"Kaing Guek Eav, dit Duch, fut le responsable du centre de torture et d'exécution S21, dans Phnom Penh, de 1975 à 1979. Il explique avoir choisi ce nom de guérilla en souvenir d'un livre de son enfance, où le petit Duch était un enfant sage.
12380 personnes au moins furent torturées dans ce lieu. Les suppliciés qui avaient avoué étaient exécutés dans le "champ de la mort" de Choeung Ek, à quinze kilomètres au sud-est de Phnom Penh – également sous la responsabilité de Duch. A S21, nul n'échappe à la torture. Nul n'échappe à la mort."
Le décor est planté, le Cambodge, les Khmers rouges, le 17 avril 1975 et le début du règne de Pol Pot. L'auteur, 13 ans à l'époque, est fils de haut fonctionnaire et fait partie de ce "nouveau peuple" : "capitalistes, féodaux, fonctionnaires, classes moyennes, intellectuels, professeurs, étudiants", la "classe bourgeoise" que le nouveau régime va chercher à détruire. Deux millions de cambodgiens vont mourir, soit un quart de la population.
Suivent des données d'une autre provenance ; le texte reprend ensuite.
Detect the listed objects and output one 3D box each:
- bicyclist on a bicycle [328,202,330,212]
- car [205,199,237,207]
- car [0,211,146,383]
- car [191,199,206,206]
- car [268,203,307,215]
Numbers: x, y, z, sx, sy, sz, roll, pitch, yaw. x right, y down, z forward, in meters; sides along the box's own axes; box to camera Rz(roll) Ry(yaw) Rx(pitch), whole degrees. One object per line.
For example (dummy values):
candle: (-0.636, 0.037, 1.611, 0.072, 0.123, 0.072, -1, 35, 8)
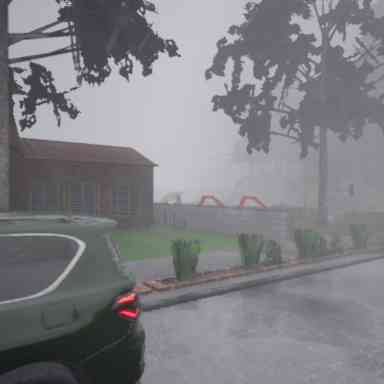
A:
bicyclist on a bicycle: (16.511, 1.641, 40.911, 1.656, 1.620, 0.582, 0, 0, -35)
car: (4.236, 1.828, 43.671, 1.895, 1.301, 4.718, 1, 0, -35)
car: (-3.055, 1.212, 2.420, 5.566, 2.045, 2.150, 1, 0, -35)
car: (1.862, 1.807, 54.047, 2.033, 1.411, 5.357, 1, 0, -35)
car: (10.053, 1.827, 35.501, 1.895, 1.301, 4.718, 1, 0, -35)
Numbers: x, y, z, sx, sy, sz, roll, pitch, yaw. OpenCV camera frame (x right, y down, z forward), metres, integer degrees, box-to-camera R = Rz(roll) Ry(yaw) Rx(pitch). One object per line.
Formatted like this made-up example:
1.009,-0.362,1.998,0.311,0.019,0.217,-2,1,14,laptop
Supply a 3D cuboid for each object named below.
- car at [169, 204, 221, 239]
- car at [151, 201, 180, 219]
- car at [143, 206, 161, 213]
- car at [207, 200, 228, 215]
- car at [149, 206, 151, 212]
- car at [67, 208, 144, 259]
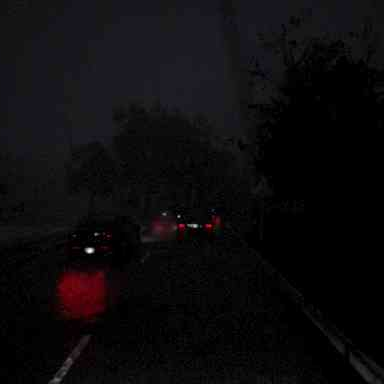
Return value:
0.206,1.571,17.356,2.033,1.411,5.357,0,0,2,car
-1.822,1.556,29.150,1.837,1.490,4.892,-1,0,9,car
-10.215,4.432,85.314,4.553,1.767,2.097,1,-4,-9,car
2.579,1.536,34.215,2.128,1.511,4.902,-1,-1,13,car
-10.728,4.224,81.932,4.553,1.767,2.097,1,-4,-13,car
-3.134,1.525,12.645,1.837,1.490,4.892,0,0,0,car
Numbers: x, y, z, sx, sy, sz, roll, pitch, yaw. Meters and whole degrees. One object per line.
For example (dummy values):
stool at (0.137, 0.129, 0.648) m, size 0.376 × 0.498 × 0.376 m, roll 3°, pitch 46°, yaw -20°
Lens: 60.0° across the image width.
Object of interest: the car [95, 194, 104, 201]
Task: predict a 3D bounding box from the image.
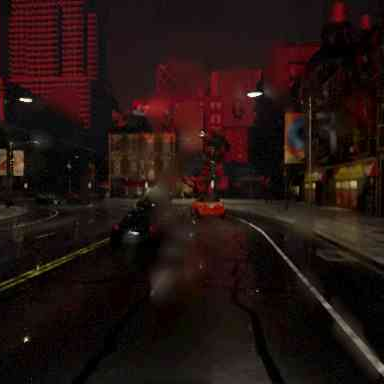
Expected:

30 plus tard, le cinéaste Rithy Panh tente de comprendre pourquoi toute sa famille a été décimée. Il raconte l'exode et la "rééducation" par le travail de la terre dans un récit bouleversant, entrecoupé du portrait qu'il souhaite faire de Duch emprisonné avant son procès. Il est à la recherche d'une vérité, d'aveux, de faits, d'une parcelle d'humanité chez cet homme qui fut l'un des pires bourreaux de ce régime. La confrontation entre le récit de la victime et les descritpions parfois très crues de Duch est bouleversante.
"Je voudrais que ces pages soient loin des slogans khmers rouges, loin de la violence. Loin de la révolution.
On nous a longtemps privés de douceur et de sensibilité. Maintenant que le Cambodge a retrouvé une forme de liberté, une forme de paix, maintenant que sa belle jeunesse emporte tout, jusqu'à l'histoire, jusqu'au souvenir, je voudrais que ce livre nous rende la noblesse de la dignité."
Un grand livre sur notre mémoire contemporaine et la barbarie – à nouveau – 30 ans après la Shoah.